Saturday, June 12, 2010

Psycho Mom

Hello--I am psycho mom from hell this week. I'm on my period, on the rag, shark week, my cousin is here visiting or as my husband likes to call it "under construction". I've been watching all those birth control commercials and I believe that I have PMDD.

It's amazing how my period has changed over the years. Horrible cramping when I was younger but really no other issues. After I had Kate--I'd have terrible clots. Quarter sized sometimes and slight cramping and diarrhea. After Zach--worse clots--plum sized and no cramping whatsoever, but still the diarrhea. In fact I never have cramps anymore--ever. My luck is good in that respect. I've never really had PMS. Oh, I'm sure my husband will say that I have--and that may be true, but I never noticed a difference in myself until about 5 years ago. From that moment on--for the week or more before my period I am a total and complete BITCH on wheels. I am not kidding you. Sometimes I freak myself out.

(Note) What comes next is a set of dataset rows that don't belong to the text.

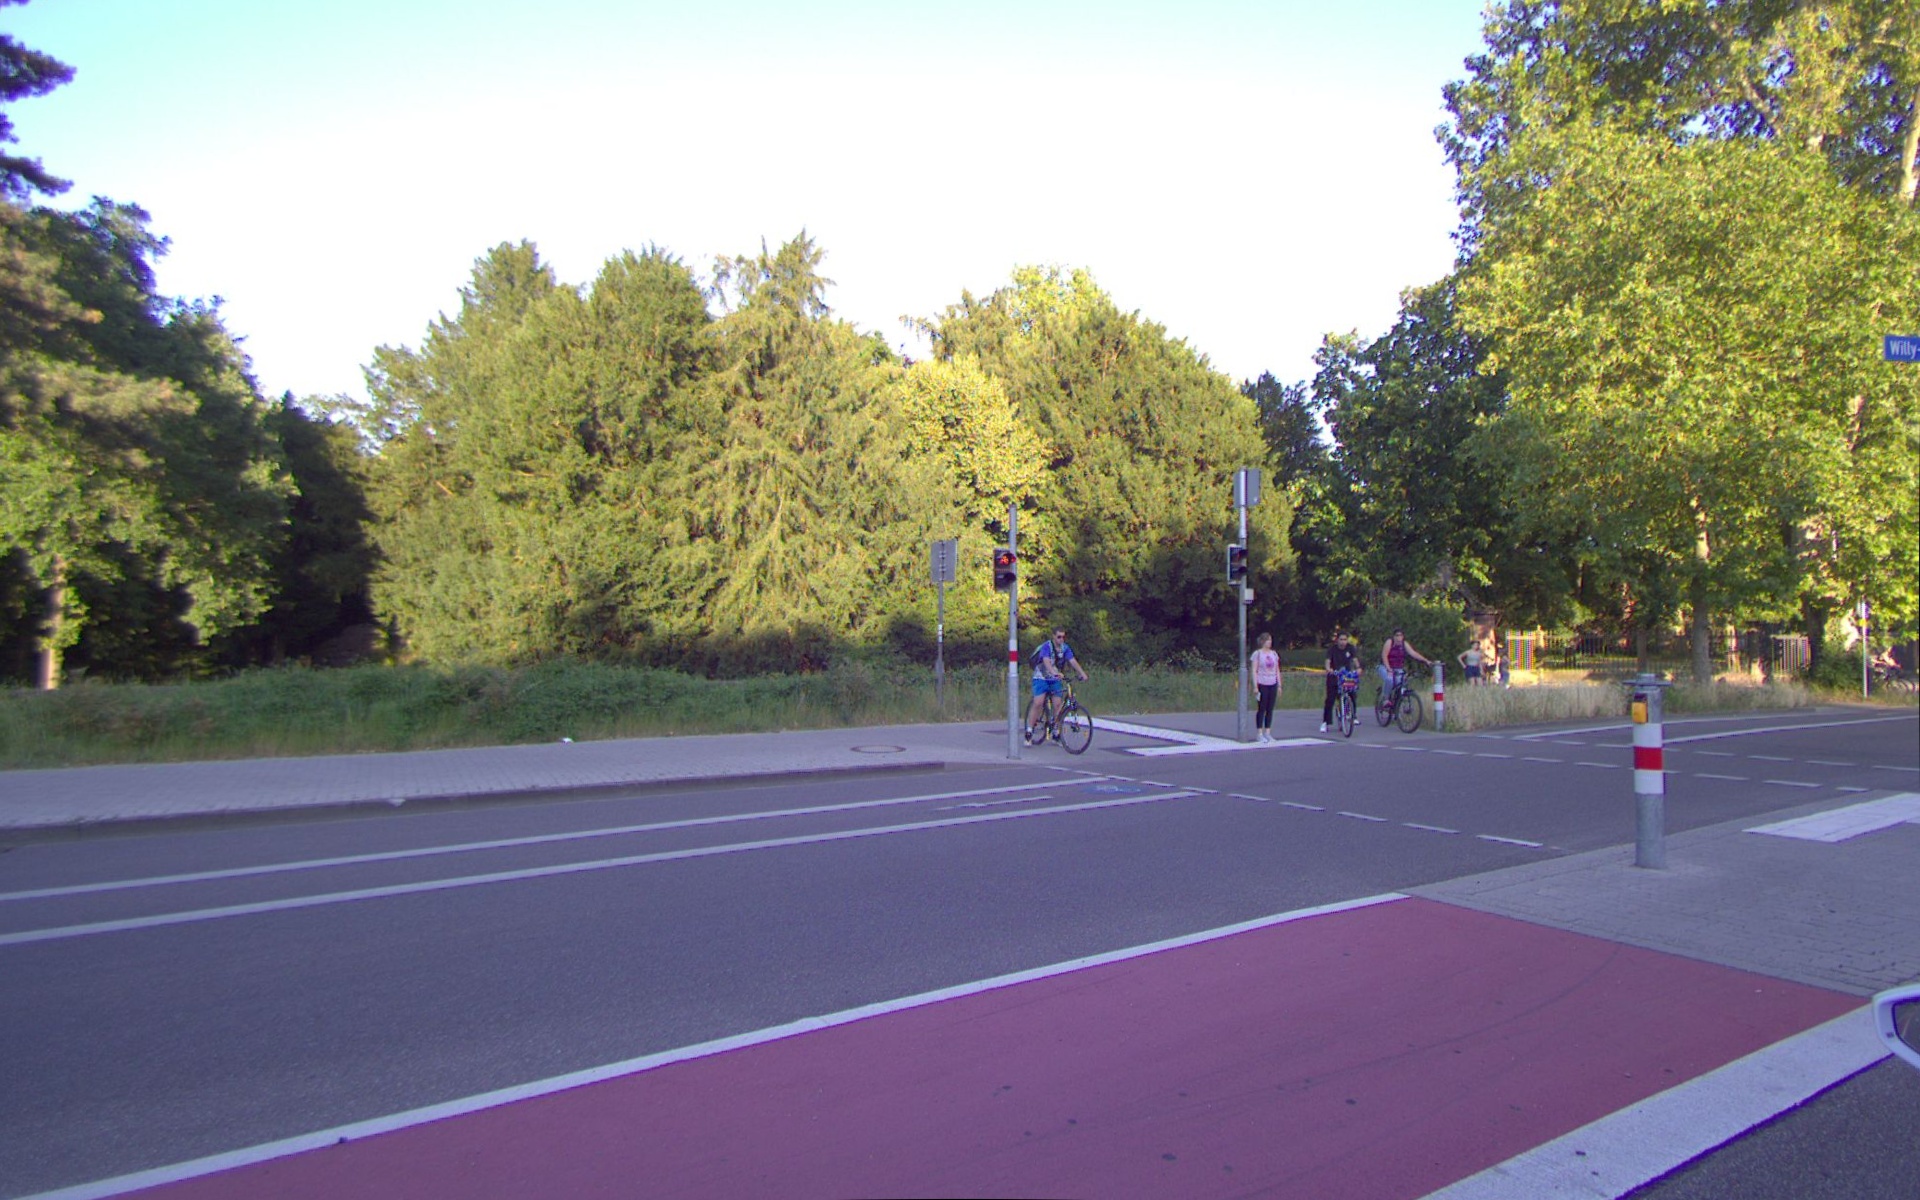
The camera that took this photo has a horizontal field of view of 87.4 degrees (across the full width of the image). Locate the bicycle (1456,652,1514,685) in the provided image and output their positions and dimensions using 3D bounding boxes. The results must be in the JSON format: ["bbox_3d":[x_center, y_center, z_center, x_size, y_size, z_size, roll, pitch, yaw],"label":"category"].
[{"bbox_3d":[18.508,2.394,35.493,0.727,1.046,2.296,1,-1,-4],"label":"bicycle"}]

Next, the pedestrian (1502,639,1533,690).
[{"bbox_3d":[23.012,2.643,41.481,1.067,2.040,0.755,2,-1,-36],"label":"pedestrian"}]

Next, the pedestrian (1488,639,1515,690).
[{"bbox_3d":[21.828,2.596,40.505,0.690,2.040,0.639,1,-2,-21],"label":"pedestrian"}]

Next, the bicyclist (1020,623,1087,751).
[{"bbox_3d":[1.399,1.284,15.082,0.729,1.848,0.705,1,-2,-33],"label":"bicyclist"}]

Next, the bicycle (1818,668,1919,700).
[{"bbox_3d":[29.220,2.677,32.270,0.765,0.936,2.420,1,-2,-29],"label":"bicycle"}]

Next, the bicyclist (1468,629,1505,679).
[{"bbox_3d":[18.627,1.895,35.548,0.743,1.751,0.944,1,-1,-5],"label":"bicyclist"}]

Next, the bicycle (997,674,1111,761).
[{"bbox_3d":[1.349,1.704,14.966,0.762,1.115,2.110,1,-2,-24],"label":"bicycle"}]

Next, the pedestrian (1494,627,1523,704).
[{"bbox_3d":[14.796,1.762,27.104,0.584,2.040,0.642,0,-1,20],"label":"pedestrian"}]

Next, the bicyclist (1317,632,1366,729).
[{"bbox_3d":[6.680,1.395,17.606,0.618,1.671,0.640,0,-2,1],"label":"bicyclist"}]

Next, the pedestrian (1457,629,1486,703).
[{"bbox_3d":[14.262,1.830,28.020,0.638,2.040,0.606,0,-1,22],"label":"pedestrian"}]

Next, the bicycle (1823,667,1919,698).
[{"bbox_3d":[30.444,2.728,33.479,0.765,0.936,2.420,1,-2,-29],"label":"bicycle"}]

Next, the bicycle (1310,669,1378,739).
[{"bbox_3d":[6.677,1.784,17.530,0.620,1.126,1.569,0,-2,1],"label":"bicycle"}]

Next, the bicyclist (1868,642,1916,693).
[{"bbox_3d":[30.685,2.217,33.084,0.743,1.652,0.954,1,-2,-29],"label":"bicyclist"}]

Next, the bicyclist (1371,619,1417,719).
[{"bbox_3d":[8.026,1.262,18.591,0.564,1.803,0.640,0,-2,1],"label":"bicyclist"}]

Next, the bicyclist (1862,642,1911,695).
[{"bbox_3d":[29.430,2.169,31.910,0.743,1.652,0.954,1,-2,-29],"label":"bicyclist"}]

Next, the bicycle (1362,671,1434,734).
[{"bbox_3d":[8.025,1.852,18.472,0.568,1.043,1.772,0,-2,1],"label":"bicycle"}]

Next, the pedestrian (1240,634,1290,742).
[{"bbox_3d":[4.982,1.412,16.411,0.492,1.718,0.604,1,-2,-28],"label":"pedestrian"}]
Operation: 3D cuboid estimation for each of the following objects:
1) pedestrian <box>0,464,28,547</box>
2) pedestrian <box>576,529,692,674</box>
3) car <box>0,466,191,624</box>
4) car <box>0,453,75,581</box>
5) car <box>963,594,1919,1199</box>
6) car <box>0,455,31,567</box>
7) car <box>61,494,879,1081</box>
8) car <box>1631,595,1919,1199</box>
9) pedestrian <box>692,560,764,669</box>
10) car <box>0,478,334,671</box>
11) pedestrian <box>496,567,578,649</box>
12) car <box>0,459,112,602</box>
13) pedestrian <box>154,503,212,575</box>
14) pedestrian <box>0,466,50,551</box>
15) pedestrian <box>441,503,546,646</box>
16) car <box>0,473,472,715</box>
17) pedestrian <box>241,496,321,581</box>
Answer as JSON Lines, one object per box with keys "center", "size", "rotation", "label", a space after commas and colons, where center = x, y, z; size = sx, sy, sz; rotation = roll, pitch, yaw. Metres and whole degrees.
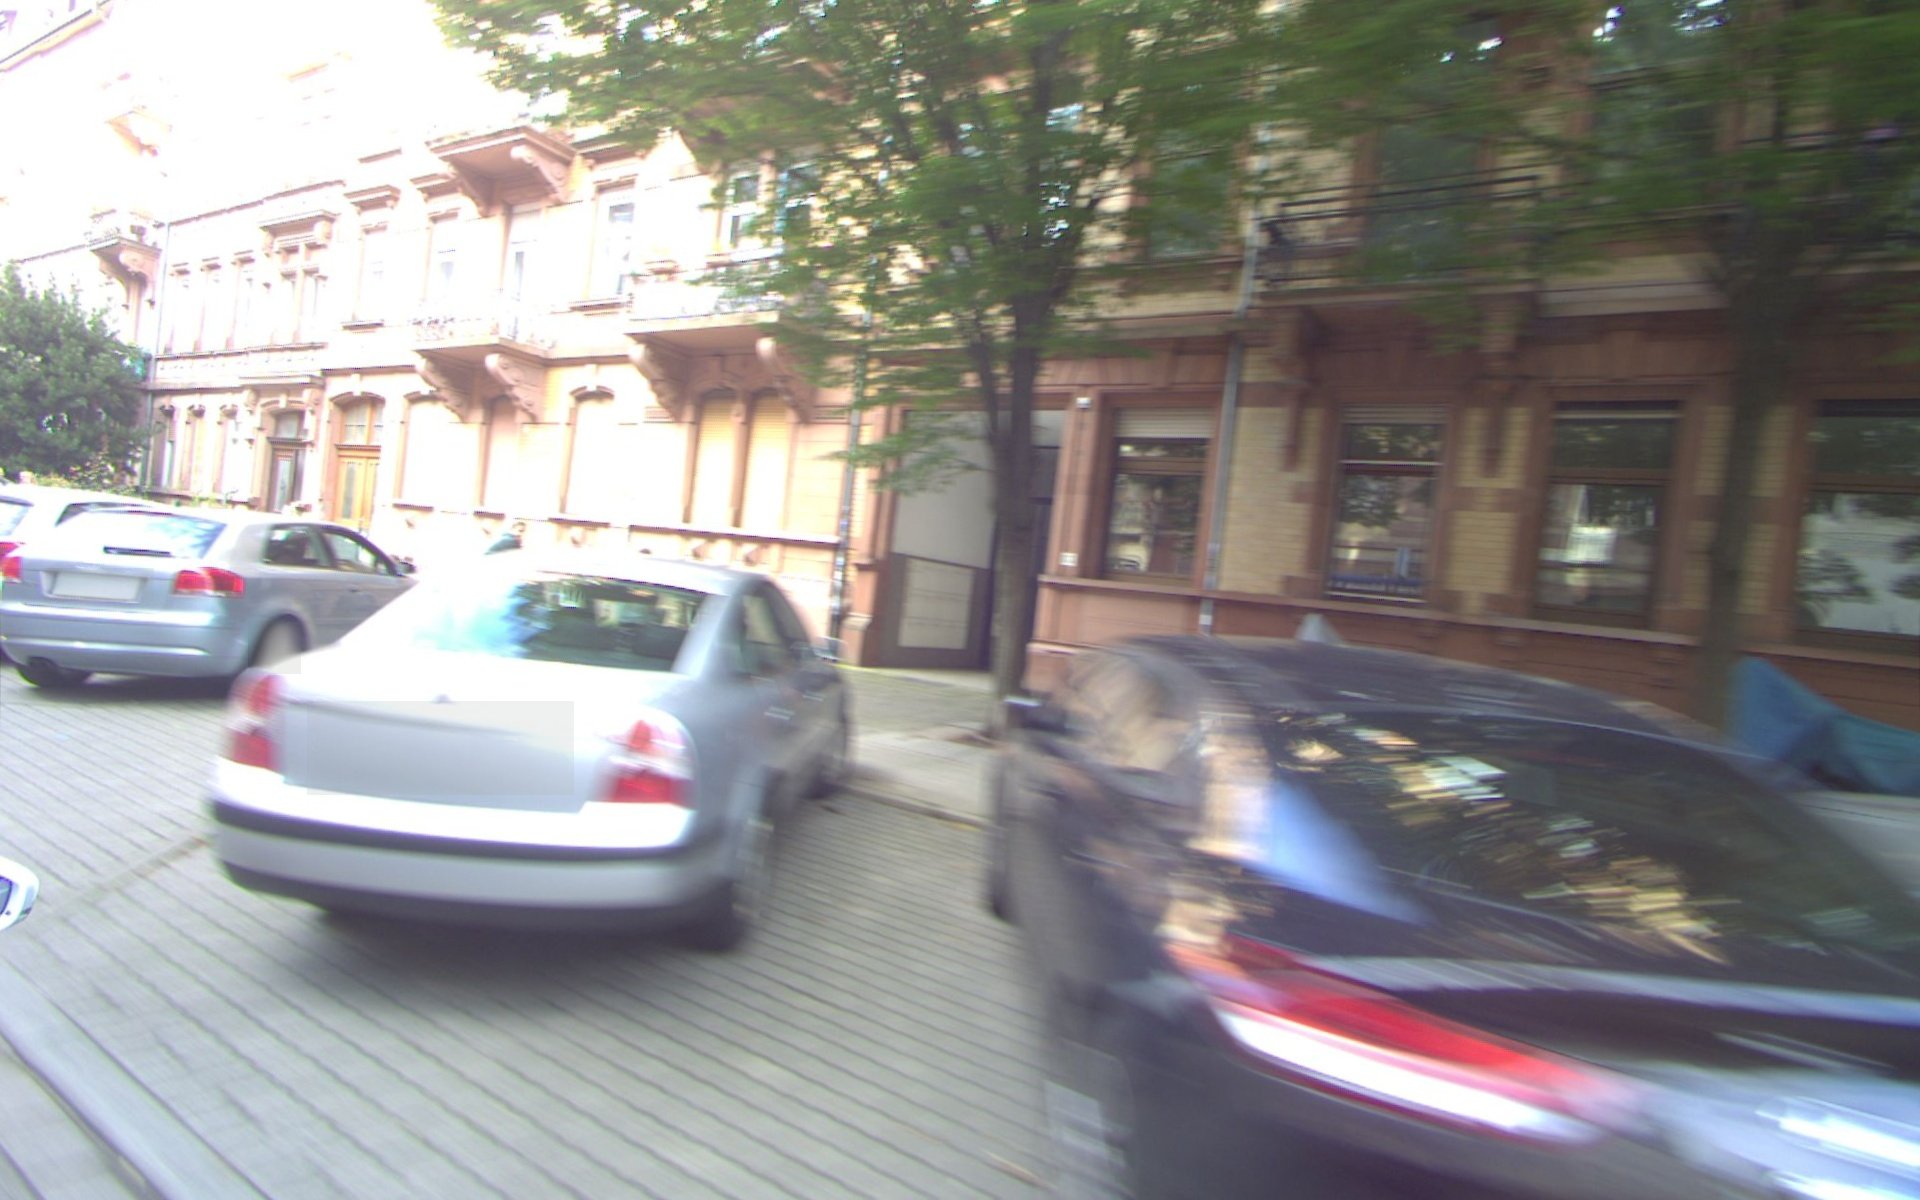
{"center": [-20.498, -2.033, 21.321], "size": [0.687, 1.715, 0.647], "rotation": [7, 0, -11], "label": "pedestrian"}
{"center": [-3.771, 0.017, 11.697], "size": [0.986, 1.521, 0.719], "rotation": [7, 1, -6], "label": "pedestrian"}
{"center": [-10.571, -0.666, 10.692], "size": [1.835, 1.569, 3.993], "rotation": [6, 2, -4], "label": "car"}
{"center": [-14.798, -1.261, 13.557], "size": [1.722, 1.847, 4.400], "rotation": [6, 2, 1], "label": "car"}
{"center": [1.110, 0.828, 3.252], "size": [1.835, 1.435, 4.134], "rotation": [7, 0, -3], "label": "car"}
{"center": [-17.643, -1.622, 15.436], "size": [1.779, 1.809, 4.637], "rotation": [9, 4, 31], "label": "car"}
{"center": [-1.578, 0.481, 5.127], "size": [1.759, 1.471, 4.608], "rotation": [6, 2, 1], "label": "car"}
{"center": [3.569, 0.980, 1.749], "size": [1.819, 1.720, 3.997], "rotation": [7, 1, -2], "label": "car"}
{"center": [-2.979, 0.193, 12.982], "size": [0.707, 1.295, 0.570], "rotation": [6, -1, -6], "label": "pedestrian"}
{"center": [-8.138, -0.342, 9.640], "size": [1.703, 1.470, 3.995], "rotation": [5, 3, 1], "label": "car"}
{"center": [-5.445, 0.102, 12.939], "size": [0.782, 0.973, 0.554], "rotation": [6, 2, 30], "label": "pedestrian"}
{"center": [-12.787, -0.953, 11.978], "size": [1.805, 1.763, 3.998], "rotation": [6, 1, 2], "label": "car"}
{"center": [-14.188, -1.110, 18.368], "size": [0.662, 1.236, 0.600], "rotation": [7, 4, 32], "label": "pedestrian"}
{"center": [-19.819, -1.940, 21.260], "size": [0.622, 1.679, 0.574], "rotation": [7, 0, 33], "label": "pedestrian"}
{"center": [-5.725, -0.302, 12.355], "size": [0.819, 1.655, 0.731], "rotation": [6, 2, 30], "label": "pedestrian"}
{"center": [-6.019, -0.115, 8.576], "size": [1.853, 1.480, 3.995], "rotation": [5, 2, -3], "label": "car"}
{"center": [-13.269, -1.196, 19.658], "size": [0.798, 1.516, 0.929], "rotation": [7, 2, 26], "label": "pedestrian"}

I have no tolerance for anything out of the norm. If things don't go my way or aren't done my way I LOSE it. I'm talking--eyes bulge out of my head and every word I utter is done in my yelling voice--I even say the "f" word to my kids. ARGH! Sometimes I have to shake my head to clear it. IT IS BAD! Oh and the bloating started about 5 years ago too. I feel like my stomach is bulging for the first 2 days. I hate it. ALL.

Doug is just ready for me to be done with the whole thing. But it is scary to me because the alternative is no hormones at all. What will I be like then? Lock myself in my room and not leave for 5 days??? It might have to happen. Maybe I can do that now. It's like my nerves are on the outside of my body. Every little thing causes my senses to be on overload.